Nos EUA, os candidatos a ministro da Suprema Corte são de fato indagados sobre grandes temas constitucionais (aborto, integração racial, papel do Estado na economia etc.) e, não raro, são rejeitados ou forçados a retirar suas candidaturas (foram cinco somente nos últimos 40 anos, num universo de 21 nomeações).
A sabatina nunca atenderá sua função se consistir, como tem ocorrido, em perguntas improvisadas e previsíveis ou em discursos oportunistas para as câmeras de TV. Ela deveria ser encarada como uma ocasião para se conhecer efetivamente o perfil do pretendente, além de possibilitar um teste de seus reais conhecimentos jurídicos, atributos de personalidade e de sua habilidade argumentativa.
Fazer boas perguntas, claro, é um primeiro passo, mas a função da sabatina ainda não se esgota aqui: os senadores precisam estar preparados para ouvir e, sobretudo, desafiar as respostas que mostrem inconsistências ou desvios retóricos.
A sabatina, por tudo isso, não deve se resumir a uma sessão rápida e protocolar que simplesmente chancele a indicação presidencial.

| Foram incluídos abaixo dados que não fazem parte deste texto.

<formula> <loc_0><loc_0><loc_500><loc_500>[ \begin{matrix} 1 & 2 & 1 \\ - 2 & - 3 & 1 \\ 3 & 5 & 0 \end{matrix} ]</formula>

Antes de tomar a decisão, o Senado pode estender a sessão por alguns dias, permitir que a imprensa acompanhe e aprofunde o debate e que os cidadãos formem suas opiniões.
Para citar novamente o exemplo norte-americano, indicações polêmicas, como a dos juízes Clarence Thomas e William Rehnquist, geraram um processo de confirmação que durou mais de três meses. Tal processo, ainda que leve à confirmação do indicado, contribui para o aperfeiçoamento da democracia, permitindo que a população acompanhe um debate público genuíno sobre o preenchimento de um dos cargos mais importantes da República.
Se, pela primeira vez na história de sua conturbada existência, o Senado suscitar perguntas que efetivamente revelem o grau de aptidão do candidato e sua maturidade, pessoal e jurídica, para ocupar um cargo tão importante, os senadores terão a rara oportunidade de não simplesmente confirmar, de forma submissa, a escolha política do presidente da República, mas, se assim entenderem necessário, também de rejeitá-la, o que seria algo inédito nos últimos cem anos.
Confirmando ou rejeitando, o Senado Federal faria valer a sua missão constitucional de controlar os atos do Poder Executivo e participar, ativamente, da composição da cúpula do Poder Judiciário.
Há ao menos duas ordens de razões para levar essa missão constitucional a sério. A primeira é uma questão de princípio: se o Senado abdica de um dos seus papéis fundamentais na engrenagem da separação de Poderes, o Estado de Direito se enfraquece.
Mas, para quem prefere pragmatismo a princípios, há também uma razão estratégica: se quiser reconstruir sua arranhada imagem e conquistar o prestigioso espaço que a Constituição lhes atribuiu, os senadores poderiam começar a sua virada agora, com uma sabatina de verdade do novo indicado, José Antonio Dias Toffoli. Agora é a hora do Senado.


VIRGÍLIO AFONSO DA SILVA , 35, é professor da Faculdade de Direito da USP.
OCTÁVIO LUIZ MOTTA FERRAZ , 37, é professor da Faculdade de Direito da Universidade de Warwick, Inglaterra.
DIOGO R. COUTINHO , 34, é professor da Faculdade de Direito da USP.